I think its really weird how jax was the one to handle it worse and eventually abstract after being told everyone one in the cast was not actual real people and brainscans because like... thats literally reafirming the lies and coping mechanism he developed with the "everyone is a cartoon character and you are all my playthings XD" monologues he had on episode 6 like if anyone was supposed to actually be happy everything was fake it was supposed to be him.
like a good chunk of his crisis were triggered by remembering his real world out of the circus stuff he should be overjoyed he was not the same person as leeroy jenkins or whatever he is called.
This show writing is so ass oh my god
I feel the need to reblog this because this take is pretty ass. First, you confuse Jax's coping mechanism for his actual worldview. He neither genuinely believed nothing he did matters, nor he believe that it would mean that what he did would be okay. Coping is just that. A lie is just that. He knew it wasn't true, that it didn't justifiy what he did, and I think if you actually thought that way, then I think TADC is a little too complicated for you. "He said nothing matters, but he's stressed out that things DO matter? Um, bad writing!" Second, if he is triggered by his REAL MEMORIES of things he ACTUALLY DID in the real world, that means he still did them, and the fact that he is only a brain scan means there is literally NO WAY TO FIX WHAT HE DID, which includes apparently killing his mother. Jax is once again reminded of all the shit he did, that he always knew was wrong, and now escape is genuinely impossible and he will have to live it, so he abstracts.

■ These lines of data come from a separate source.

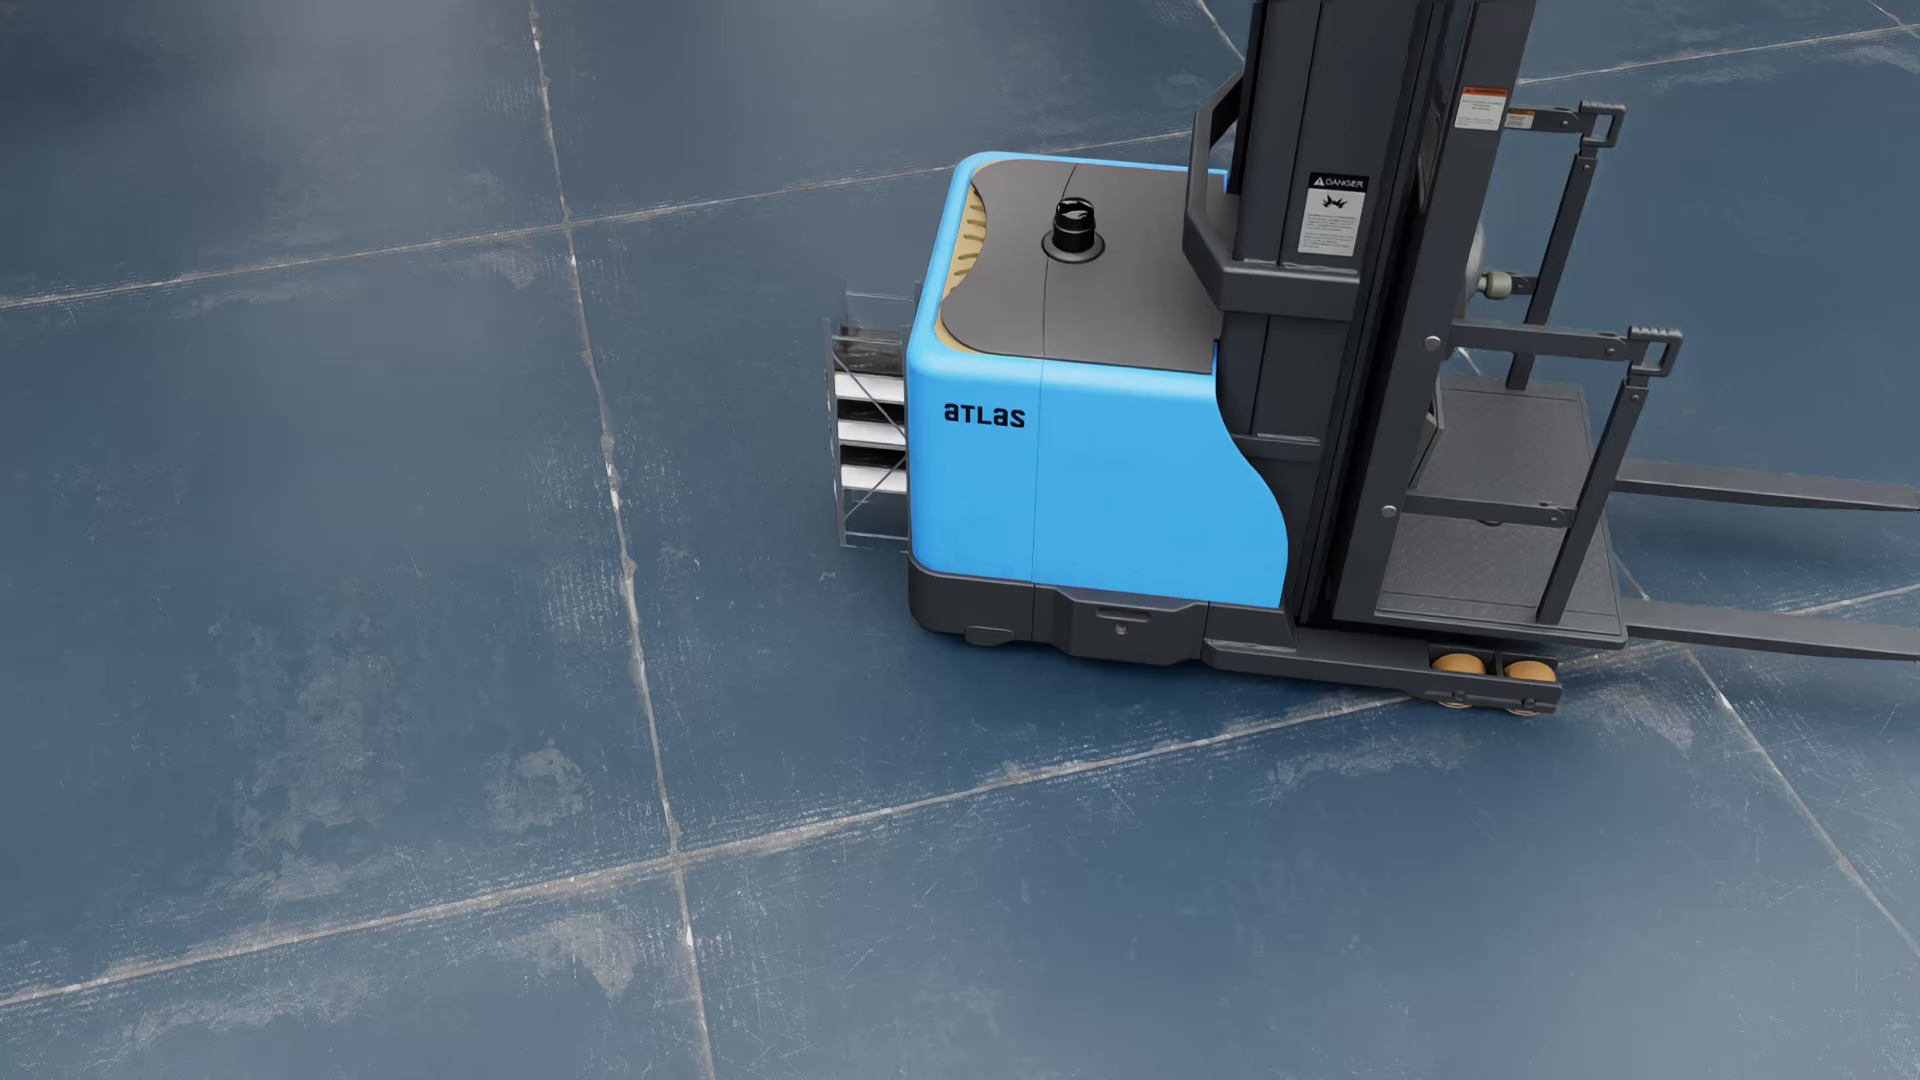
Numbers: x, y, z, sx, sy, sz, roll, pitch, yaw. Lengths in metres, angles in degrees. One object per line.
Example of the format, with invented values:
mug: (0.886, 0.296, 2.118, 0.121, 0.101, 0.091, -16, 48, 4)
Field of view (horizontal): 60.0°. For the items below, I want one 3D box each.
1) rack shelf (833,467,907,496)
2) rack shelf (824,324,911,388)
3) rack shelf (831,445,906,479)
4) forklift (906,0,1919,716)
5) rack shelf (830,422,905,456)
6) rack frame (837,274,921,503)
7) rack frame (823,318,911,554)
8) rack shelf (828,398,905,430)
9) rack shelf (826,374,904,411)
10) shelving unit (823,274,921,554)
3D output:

Do you not remember that he was also pissed that Caine lied to them about the buttons to begin with, even though he consciously pressed the button that should have kept them in? That he joined the others in trying to escape anyway?
Jax is scared to confront reality, but he's even more scared at the idea that there is nothing he can do to make up for what he did, which si echoed in his last scene, where he cries that it's far too late. How is this ass writing? You fell for the facade, and that's the story's fault? The complicated character does seemingly contradictory actions under one consistent throughline, and that's bad writing?
I hate when people try to outsmart something but they put less than the bare minimum of thought into it.